# My first gold foils from A/P



## Feenixb1o7 (Sep 8, 2013)

Just wanted to share my first batch of gold foils from finger boards using A/P.

It's not much but it was fun doing it.

Thanks for all your help guys, hope to add more soon


----------



## AndyWilliams (Sep 8, 2013)

Very nice!! Feels great, doesn't it?


----------



## Feenixb1o7 (Sep 8, 2013)

It certainly does!


----------



## artart47 (Sep 8, 2013)

Hi!
Cool! good job.
As you collect more foils try storing them in a jar of hydrochloric acid. when they make the components, they lay the gold over copper on the board and i was told that they put a flash coat of nickel to seperate the two metals.
When I first got my foils from the AP there was still copper and/or nickel left on the foils. when I put them in HCl I coul see the acid darken as it removed the remaining base metals. when I changed the acid the fresh acid stayed clear and the foils were now clean

artart47


----------



## samuel-a (Sep 12, 2013)

Feenixb1o7 said:


> It's not much ...



It's a start. And a good one.
The most satisfaction i ever had with this hobby/profession, was my first button which was about 0.1-0.2g.

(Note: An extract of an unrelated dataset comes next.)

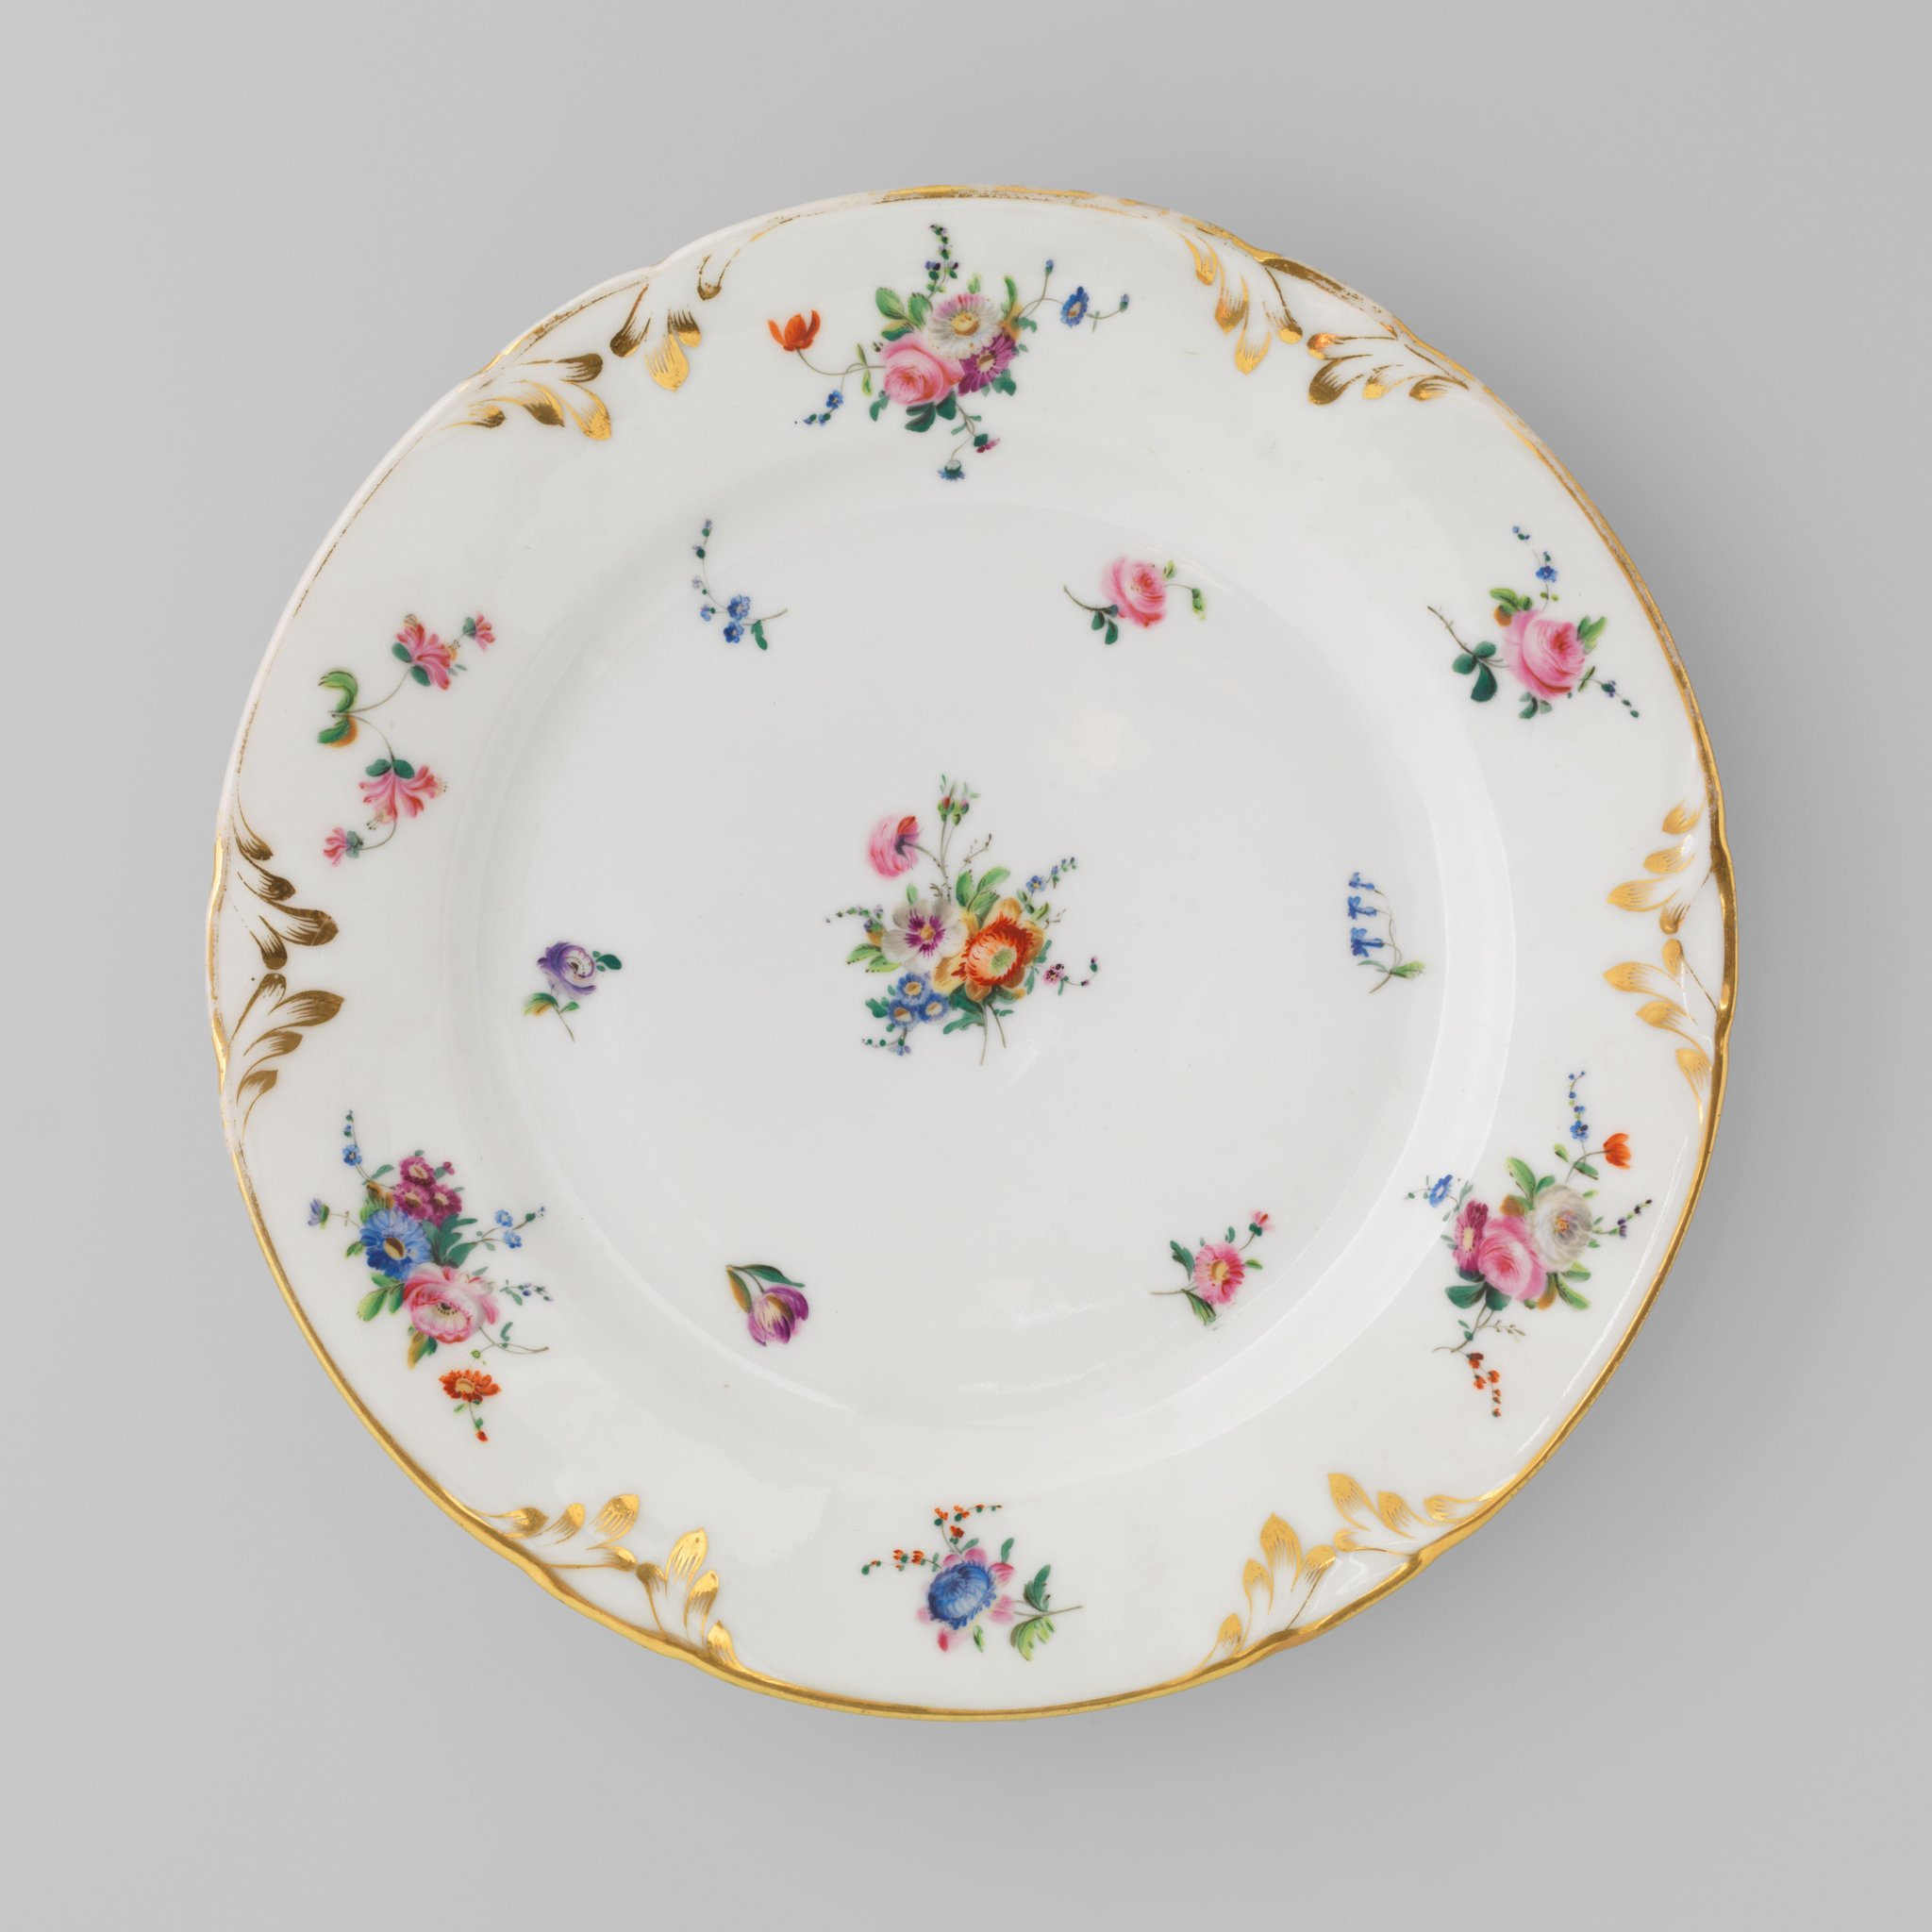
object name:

Once you refine and melt it... you are hooked for life.
Good luck.


----------



## joem (Sep 12, 2013)

always fun, isn't it?


----------



## nh6886 (Sep 14, 2013)

Those look great! 

Samuel is telling you the truth about being hooked at the next step, enjoy the ride and be safe.

John


----------



## Magiskt (Sep 16, 2013)

Good job, this is motivation for me as I'm still in studies. Thanks for sharing.


----------



## Pantherlikher (Sep 17, 2013)

Nice.
I keep my small bottle next to my computer to keep my goals in mind. 
It's fun to swirl it and watch the sparklies as well.

B.S.


----------



## Nostradomus (Apr 16, 2014)

I thought I was the only one that did silly things like play with the gold containers panther, and watch the light reflect!! My girl always laughs at me and walks by saying "silver and gold" like the guy with the pick axe from Rudolph the red nosed reindeer. We are a interesting bunch that is for sure


----------



## Pantherlikher (Apr 16, 2014)

It's always nice playing with shiny things...
I'm jumpin to get into the shed to get collecting and refining more but...

The wife says I can't till the garage is empty... Means I have to take apart everything in the garage to scrap and collect PM baring stuff.
It's getting there, slowly... I still have not gotten to the boxes and boxes of boards to depopulate. I have about 30 more boxes to tare apart first.

B.S.


----------



## AUH-R (Apr 18, 2014)

Well done. How heavy was your starting material and how heavy are the foils?


----------